Everything from the line containing "Next, the cardboard box (1663,77,1692,169)." through the final line of the material is to be restated word for word, and only that.

....................

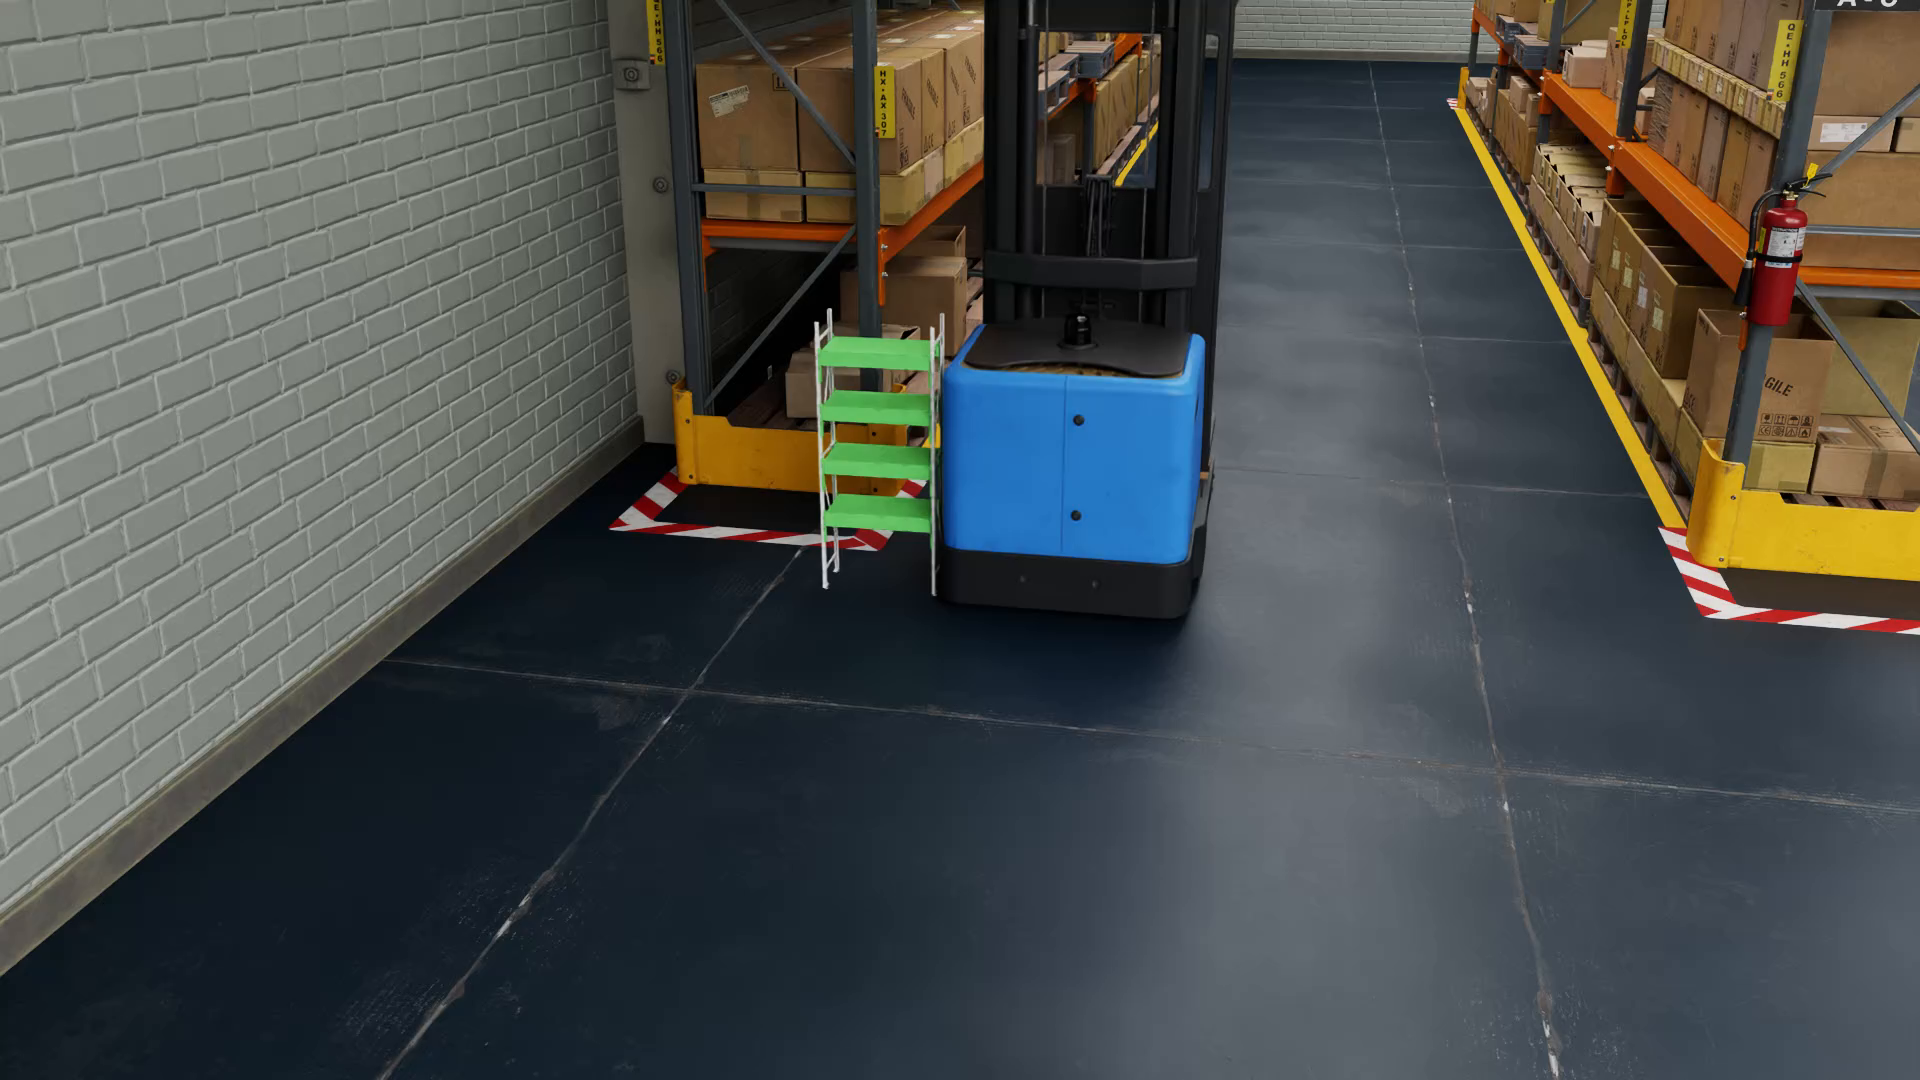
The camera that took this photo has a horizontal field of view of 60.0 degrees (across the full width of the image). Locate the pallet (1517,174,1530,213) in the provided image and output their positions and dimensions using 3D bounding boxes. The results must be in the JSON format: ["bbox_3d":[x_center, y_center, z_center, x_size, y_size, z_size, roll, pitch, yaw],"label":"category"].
[{"bbox_3d":[5.787,-3.203,15.525,1.003,0.211,1.213,4,22,11],"label":"pallet"}]

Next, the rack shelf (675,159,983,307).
[{"bbox_3d":[-0.477,-2.075,9.953,1.077,0.370,4.000,4,22,11],"label":"rack shelf"}]

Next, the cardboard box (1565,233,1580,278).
[{"bbox_3d":[4.687,-2.042,12.026,0.500,0.250,0.500,4,22,10],"label":"cardboard box"}]

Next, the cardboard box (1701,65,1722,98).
[{"bbox_3d":[4.225,-2.461,8.946,0.380,0.149,0.250,4,22,10],"label":"cardboard box"}]

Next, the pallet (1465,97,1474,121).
[{"bbox_3d":[7.053,-5.539,21.326,1.003,0.211,1.213,4,22,11],"label":"pallet"}]

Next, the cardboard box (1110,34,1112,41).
[{"bbox_3d":[1.344,-5.160,16.961,0.380,0.149,0.250,5,22,11],"label":"cardboard box"}]

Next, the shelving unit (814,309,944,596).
[{"bbox_3d":[-0.335,-0.371,7.168,0.503,1.200,0.258,4,22,9],"label":"shelving unit"}]

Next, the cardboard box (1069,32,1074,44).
[{"bbox_3d":[0.661,-4.681,14.738,0.700,0.500,0.500,2,22,5],"label":"cardboard box"}]

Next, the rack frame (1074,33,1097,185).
[{"bbox_3d":[0.748,-4.603,15.267,1.000,3.000,0.127,4,22,11],"label":"rack frame"}]

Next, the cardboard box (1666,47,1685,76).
[{"bbox_3d":[4.435,-2.841,9.891,0.380,0.149,0.250,4,22,10],"label":"cardboard box"}]

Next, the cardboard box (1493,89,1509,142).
[{"bbox_3d":[6.077,-4.576,17.957,0.500,0.500,0.500,3,22,8],"label":"cardboard box"}]

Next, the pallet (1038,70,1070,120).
[{"bbox_3d":[0.230,-3.319,12.337,1.003,0.211,1.213,4,22,11],"label":"pallet"}]

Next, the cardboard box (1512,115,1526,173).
[{"bbox_3d":[5.665,-3.820,16.081,0.500,0.500,0.500,4,22,9],"label":"cardboard box"}]

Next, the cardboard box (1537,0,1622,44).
[{"bbox_3d":[5.616,-4.707,14.829,0.700,0.500,0.500,-3,22,-7],"label":"cardboard box"}]

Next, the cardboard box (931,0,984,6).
[{"bbox_3d":[0.190,-3.778,12.496,0.700,0.500,0.500,7,23,16],"label":"cardboard box"}]

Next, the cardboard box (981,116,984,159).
[{"bbox_3d":[-0.066,-2.517,10.261,0.500,0.250,0.500,4,22,11],"label":"cardboard box"}]

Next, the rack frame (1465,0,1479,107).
[{"bbox_3d":[7.230,-7.152,21.598,1.000,3.000,0.127,4,22,11],"label":"rack frame"}]

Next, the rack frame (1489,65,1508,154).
[{"bbox_3d":[6.414,-5.690,17.965,1.000,3.000,0.127,4,22,11],"label":"rack frame"}]

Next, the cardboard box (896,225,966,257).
[{"bbox_3d":[-0.241,-1.802,11.070,0.500,0.500,0.500,3,22,7],"label":"cardboard box"}]

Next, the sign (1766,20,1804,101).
[{"bbox_3d":[3.437,-1.994,6.923,0.100,0.325,0.005,4,22,11],"label":"sign"}]

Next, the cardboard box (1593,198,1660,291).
[{"bbox_3d":[4.380,-1.885,10.634,0.500,0.500,0.500,4,22,11],"label":"cardboard box"}]

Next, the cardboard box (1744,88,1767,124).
[{"bbox_3d":[4.014,-2.084,8.010,0.380,0.149,0.250,5,22,12],"label":"cardboard box"}]

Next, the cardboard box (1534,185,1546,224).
[{"bbox_3d":[5.102,-2.793,13.892,0.500,0.250,0.500,4,22,9],"label":"cardboard box"}]

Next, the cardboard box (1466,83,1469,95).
[{"bbox_3d":[6.757,-5.824,21.503,0.380,0.166,0.250,4,22,11],"label":"cardboard box"}]

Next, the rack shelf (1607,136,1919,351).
[{"bbox_3d":[4.374,-1.699,9.019,1.077,0.370,4.000,4,22,11],"label":"rack shelf"}]

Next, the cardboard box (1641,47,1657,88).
[{"bbox_3d":[5.062,-3.282,11.855,0.500,0.500,0.500,6,23,15],"label":"cardboard box"}]

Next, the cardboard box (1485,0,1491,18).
[{"bbox_3d":[6.573,-6.501,19.848,0.500,0.500,0.500,5,22,12],"label":"cardboard box"}]

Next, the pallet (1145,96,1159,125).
[{"bbox_3d":[2.042,-5.492,21.207,1.003,0.211,1.213,4,22,11],"label":"pallet"}]

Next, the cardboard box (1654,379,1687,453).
[{"bbox_3d":[3.876,-0.623,8.503,0.500,0.250,0.500,4,22,11],"label":"cardboard box"}]

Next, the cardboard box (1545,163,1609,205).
[{"bbox_3d":[4.998,-2.858,13.302,0.500,0.311,0.500,4,22,9],"label":"cardboard box"}]

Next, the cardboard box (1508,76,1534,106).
[{"bbox_3d":[5.873,-4.558,16.909,0.500,0.250,0.500,5,22,11],"label":"cardboard box"}]

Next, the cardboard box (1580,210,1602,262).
[{"bbox_3d":[4.584,-2.113,11.453,0.500,0.311,0.500,4,22,11],"label":"cardboard box"}]

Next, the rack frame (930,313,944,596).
[{"bbox_3d":[-0.095,-0.355,7.129,0.015,1.200,0.240,4,22,9],"label":"rack frame"}]

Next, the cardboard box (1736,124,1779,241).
[{"bbox_3d":[4.176,-1.709,7.949,0.700,0.500,0.500,5,22,12],"label":"cardboard box"}]

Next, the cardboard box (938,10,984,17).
[{"bbox_3d":[0.138,-3.231,11.031,0.500,0.500,0.500,4,22,11],"label":"cardboard box"}]

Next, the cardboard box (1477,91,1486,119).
[{"bbox_3d":[6.406,-5.151,19.638,0.500,0.311,0.500,4,22,11],"label":"cardboard box"}]

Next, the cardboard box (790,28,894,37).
[{"bbox_3d":[-0.680,-2.710,9.738,0.500,0.500,0.500,5,22,12],"label":"cardboard box"}]

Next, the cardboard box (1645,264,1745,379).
[{"bbox_3d":[3.973,-1.154,8.818,0.500,0.500,0.500,4,22,11],"label":"cardboard box"}]

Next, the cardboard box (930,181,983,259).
[{"bbox_3d":[0.065,-2.455,12.691,0.700,0.500,0.500,5,23,13],"label":"cardboard box"}]

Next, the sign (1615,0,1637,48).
[{"bbox_3d":[4.248,-3.302,10.593,0.100,0.325,0.005,4,22,11],"label":"sign"}]

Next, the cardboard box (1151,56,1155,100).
[{"bbox_3d":[2.131,-5.933,21.355,0.700,0.500,0.500,4,22,9],"label":"cardboard box"}]

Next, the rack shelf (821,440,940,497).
[{"bbox_3d":[-0.335,-0.311,7.192,0.480,0.148,0.258,4,22,9],"label":"rack shelf"}]

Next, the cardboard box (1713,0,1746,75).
[{"bbox_3d":[4.390,-2.698,8.668,0.700,0.500,0.500,4,22,11],"label":"cardboard box"}]

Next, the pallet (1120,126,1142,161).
[{"bbox_3d":[1.480,-4.484,18.706,1.003,0.211,1.213,4,22,11],"label":"pallet"}]

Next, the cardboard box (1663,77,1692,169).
[{"bbox_3d":[4.596,-2.454,9.798,0.700,0.500,0.500,4,22,10],"label":"cardboard box"}]

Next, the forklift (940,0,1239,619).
[{"bbox_3d":[0.693,-1.553,7.786,1.130,2.935,3.031,4,22,10],"label":"forklift"}]

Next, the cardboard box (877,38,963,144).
[{"bbox_3d":[-0.271,-2.485,9.178,0.500,0.500,0.500,4,22,9],"label":"cardboard box"}]

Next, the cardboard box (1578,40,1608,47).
[{"bbox_3d":[5.481,-4.056,14.028,0.500,0.311,0.500,6,23,14],"label":"cardboard box"}]

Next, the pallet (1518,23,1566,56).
[{"bbox_3d":[5.990,-4.849,16.136,1.003,0.211,1.213,4,22,11],"label":"pallet"}]

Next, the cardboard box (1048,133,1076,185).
[{"bbox_3d":[0.652,-3.380,14.988,0.700,0.500,0.500,5,22,12],"label":"cardboard box"}]

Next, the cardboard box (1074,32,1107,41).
[{"bbox_3d":[1.097,-4.955,15.582,0.500,0.500,0.500,5,22,13],"label":"cardboard box"}]

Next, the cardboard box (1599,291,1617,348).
[{"bbox_3d":[4.283,-1.354,10.319,0.500,0.250,0.500,4,22,11],"label":"cardboard box"}]

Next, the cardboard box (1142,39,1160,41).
[{"bbox_3d":[2.487,-6.540,21.994,0.380,0.149,0.250,4,22,10],"label":"cardboard box"}]

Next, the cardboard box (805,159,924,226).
[{"bbox_3d":[-0.474,-1.771,8.410,0.500,0.250,0.500,4,22,9],"label":"cardboard box"}]

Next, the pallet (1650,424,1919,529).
[{"bbox_3d":[4.080,-0.290,8.292,1.003,0.211,1.213,4,22,11],"label":"pallet"}]

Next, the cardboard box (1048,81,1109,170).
[{"bbox_3d":[1.026,-4.059,16.233,0.750,0.750,0.750,4,22,10],"label":"cardboard box"}]

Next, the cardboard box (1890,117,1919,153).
[{"bbox_3d":[4.256,-1.775,7.244,0.380,0.149,0.250,4,22,11],"label":"cardboard box"}]

....................

# RESULT BELOW
Next, the cardboard box (1663,77,1692,169).
[{"bbox_3d":[4.596,-2.454,9.798,0.700,0.500,0.500,4,22,10],"label":"cardboard box"}]

Next, the forklift (940,0,1239,619).
[{"bbox_3d":[0.693,-1.553,7.786,1.130,2.935,3.031,4,22,10],"label":"forklift"}]

Next, the cardboard box (877,38,963,144).
[{"bbox_3d":[-0.271,-2.485,9.178,0.500,0.500,0.500,4,22,9],"label":"cardboard box"}]

Next, the cardboard box (1578,40,1608,47).
[{"bbox_3d":[5.481,-4.056,14.028,0.500,0.311,0.500,6,23,14],"label":"cardboard box"}]

Next, the pallet (1518,23,1566,56).
[{"bbox_3d":[5.990,-4.849,16.136,1.003,0.211,1.213,4,22,11],"label":"pallet"}]

Next, the cardboard box (1048,133,1076,185).
[{"bbox_3d":[0.652,-3.380,14.988,0.700,0.500,0.500,5,22,12],"label":"cardboard box"}]

Next, the cardboard box (1074,32,1107,41).
[{"bbox_3d":[1.097,-4.955,15.582,0.500,0.500,0.500,5,22,13],"label":"cardboard box"}]

Next, the cardboard box (1599,291,1617,348).
[{"bbox_3d":[4.283,-1.354,10.319,0.500,0.250,0.500,4,22,11],"label":"cardboard box"}]

Next, the cardboard box (1142,39,1160,41).
[{"bbox_3d":[2.487,-6.540,21.994,0.380,0.149,0.250,4,22,10],"label":"cardboard box"}]

Next, the cardboard box (805,159,924,226).
[{"bbox_3d":[-0.474,-1.771,8.410,0.500,0.250,0.500,4,22,9],"label":"cardboard box"}]

Next, the pallet (1650,424,1919,529).
[{"bbox_3d":[4.080,-0.290,8.292,1.003,0.211,1.213,4,22,11],"label":"pallet"}]

Next, the cardboard box (1048,81,1109,170).
[{"bbox_3d":[1.026,-4.059,16.233,0.750,0.750,0.750,4,22,10],"label":"cardboard box"}]

Next, the cardboard box (1890,117,1919,153).
[{"bbox_3d":[4.256,-1.775,7.244,0.380,0.149,0.250,4,22,11],"label":"cardboard box"}]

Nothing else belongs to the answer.